What needs to be done:
Where the listing below reaches the line containing "437, 1823, 781]", start writing out lines exactly, and stop once the line containing "597, 231, 1079]" has been written.

Listed entries:

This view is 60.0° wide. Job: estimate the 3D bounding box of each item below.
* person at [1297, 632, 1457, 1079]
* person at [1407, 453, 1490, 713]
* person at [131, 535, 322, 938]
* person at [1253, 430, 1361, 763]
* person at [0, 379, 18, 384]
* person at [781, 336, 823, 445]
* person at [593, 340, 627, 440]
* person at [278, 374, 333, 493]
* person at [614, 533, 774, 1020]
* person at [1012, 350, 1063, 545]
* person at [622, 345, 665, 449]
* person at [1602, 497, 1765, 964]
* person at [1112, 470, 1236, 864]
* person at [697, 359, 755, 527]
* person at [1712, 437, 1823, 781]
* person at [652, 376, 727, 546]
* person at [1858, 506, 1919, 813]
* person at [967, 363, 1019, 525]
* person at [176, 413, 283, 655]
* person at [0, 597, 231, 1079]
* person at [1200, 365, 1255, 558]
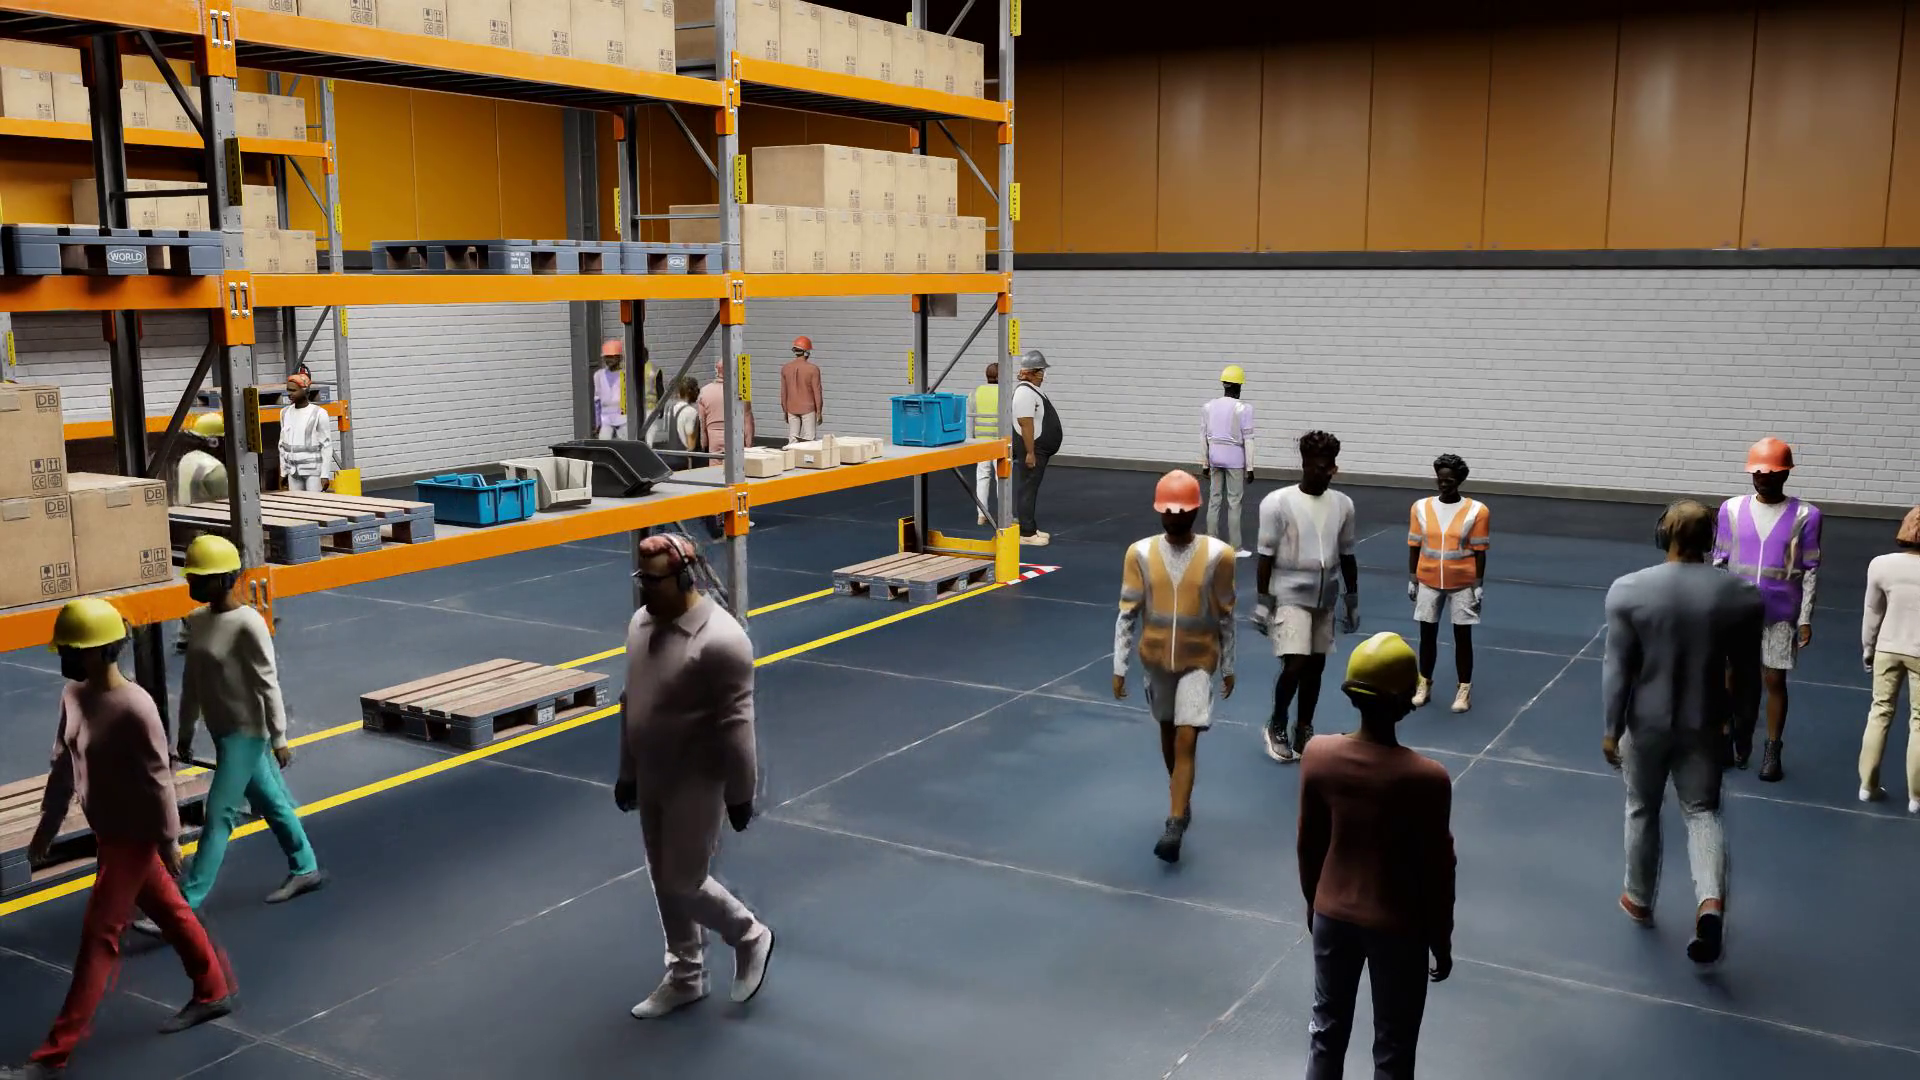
[{"bbox_3d":[1.264,1.153,5.071,0.525,1.772,0.308,9,13,44],"label":"person"},{"bbox_3d":[3.161,0.276,10.796,0.532,1.692,0.321,5,11,30],"label":"person"},{"bbox_3d":[-3.206,0.829,7.224,0.545,1.714,0.927,7,11,37],"label":"person"},{"bbox_3d":[2.002,0.337,9.566,0.646,1.953,0.404,-4,10,-22],"label":"person"},{"bbox_3d":[-8.702,-0.541,15.322,0.513,1.875,0.328,6,11,31],"label":"person"},{"bbox_3d":[-2.123,-1.750,22.488,0.619,1.994,0.381,4,10,23],"label":"person"},{"bbox_3d":[-4.289,-1.436,20.468,0.636,2.009,0.924,2,9,13],"label":"person"},{"bbox_3d":[-6.280,-0.645,15.936,0.585,1.882,0.344,4,10,21],"label":"person"},{"bbox_3d":[-1.038,0.895,6.316,0.467,1.887,0.639,-8,12,-42],"label":"person"},{"bbox_3d":[0.810,-0.974,17.502,0.539,2.000,0.689,1,9,6],"label":"person"},{"bbox_3d":[-4.607,-1.920,24.118,0.634,1.820,0.799,0,9,-1],"label":"person"},{"bbox_3d":[3.017,0.783,6.958,0.637,1.916,0.847,2,9,11],"label":"person"},{"bbox_3d":[1.043,0.598,8.172,0.573,1.878,1.005,3,10,18],"label":"person"},{"bbox_3d":[-2.583,-1.076,18.558,0.652,1.905,0.408,3,9,15],"label":"person"},{"bbox_3d":[4.488,0.388,9.322,0.550,1.935,0.376,7,11,36],"label":"person"},{"bbox_3d":[-2.812,-0.788,17.150,0.986,1.786,0.524,-8,12,-42],"label":"person"},{"bbox_3d":[5.044,0.624,8.821,0.278,1.627,0.505,-7,11,-36],"label":"person"},{"bbox_3d":[0.397,-1.075,18.762,0.624,1.840,0.430,6,11,31],"label":"person"},{"bbox_3d":[-5.565,-0.059,12.561,0.899,1.787,0.617,-8,12,-42],"label":"person"},{"bbox_3d":[-3.058,1.048,5.924,0.525,1.709,0.942,8,12,39],"label":"person"},{"bbox_3d":[2.691,-0.780,16.643,0.593,1.924,0.381,8,12,40],"label":"person"}]

Answer to this exercise:
* person at [1712, 437, 1823, 781]
* person at [652, 376, 727, 546]
* person at [1858, 506, 1919, 813]
* person at [967, 363, 1019, 525]
* person at [176, 413, 283, 655]
* person at [0, 597, 231, 1079]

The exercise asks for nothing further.